These results suggest that the recA-dependent deletion events stimulated by dnaB107 are only partially dependent on Exonuclease V (RecBCD), and they do not require the Holliday junction resolving activity of RuvC endonuclease. However, the inviability of the dnaB107 recB and dnaB107 ruvC strains suggests that, indeed, ExoV and RuvC play an important role in dnaB107 mutant survival. We conclude that dnaB107 may be creating an environment where stalled forks are broken and must be repaired to maintain the health of the strain, but in all likelihood RecBCD-mediated recombination is not the only pathway for elevated deletions in this mutant.
| DISCUSSION |
|---|
We have shown that a mutation within DnaB, the replication fork helicase of E. coli, stimulates RecA-dependent recombination between tandem repeats in a semidominant and allele-specific manner.
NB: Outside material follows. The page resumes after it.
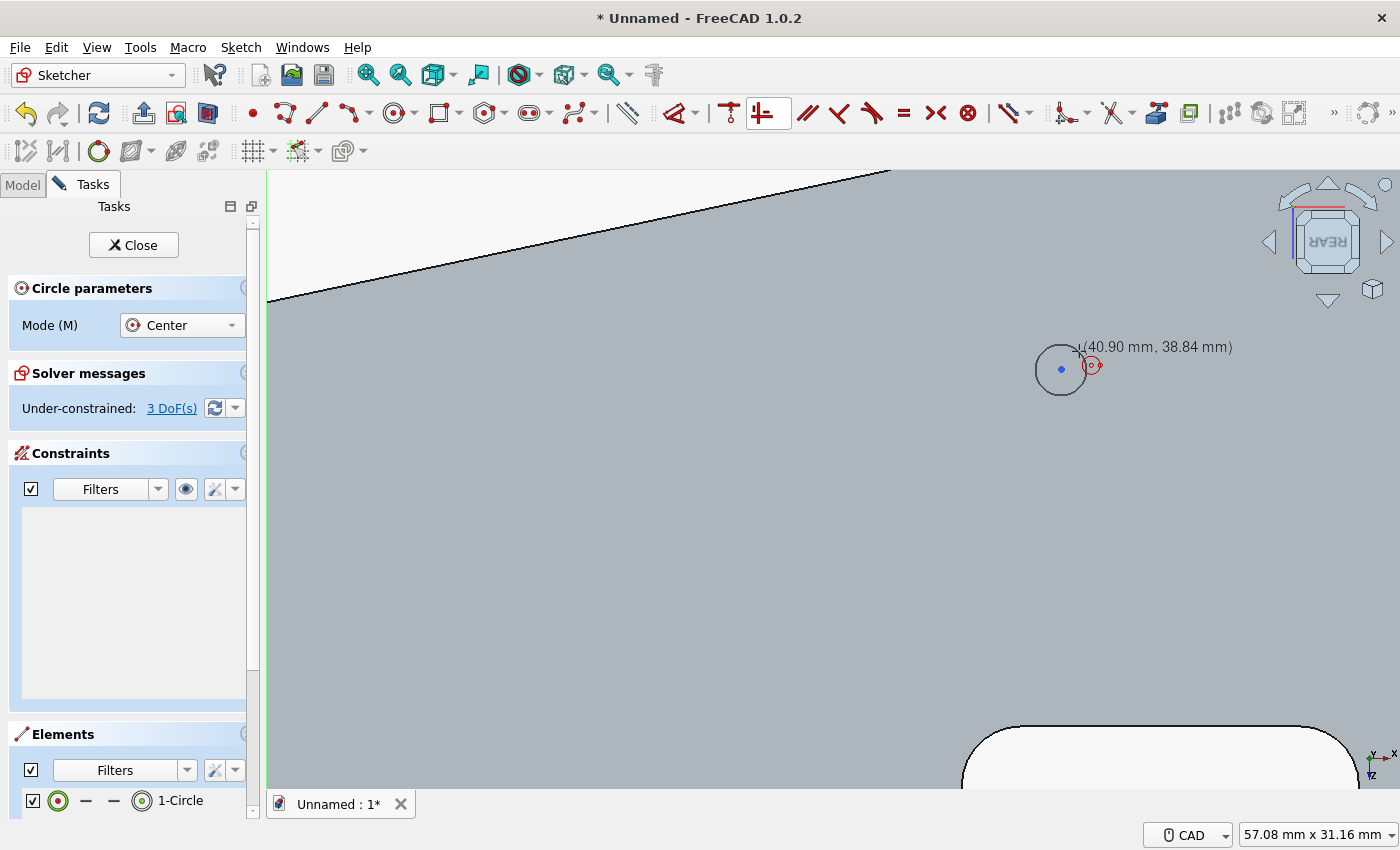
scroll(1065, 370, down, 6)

Aberrant replication in the presence of the mutant DnaB107 fork helicase may therefore initiate recombinational repair events that occasionally culminate in rearrangements between tandemly repeated sequences. This hyperrecombination phenotype conferred by dnaB107 provided us with a unique opportunity for genetic analysis to elucidate the mechanism of recombination within replication forks.
The most novel result of our analysis was the identification of the radC gene as essential for dnaB107-stimulated recombination between tandem repeats. The specific function of RadC in recombination and repair is unknown. There is only one allele of radC, which has been isolated as a mutation enhancing X-irradiation sensitivity (![]()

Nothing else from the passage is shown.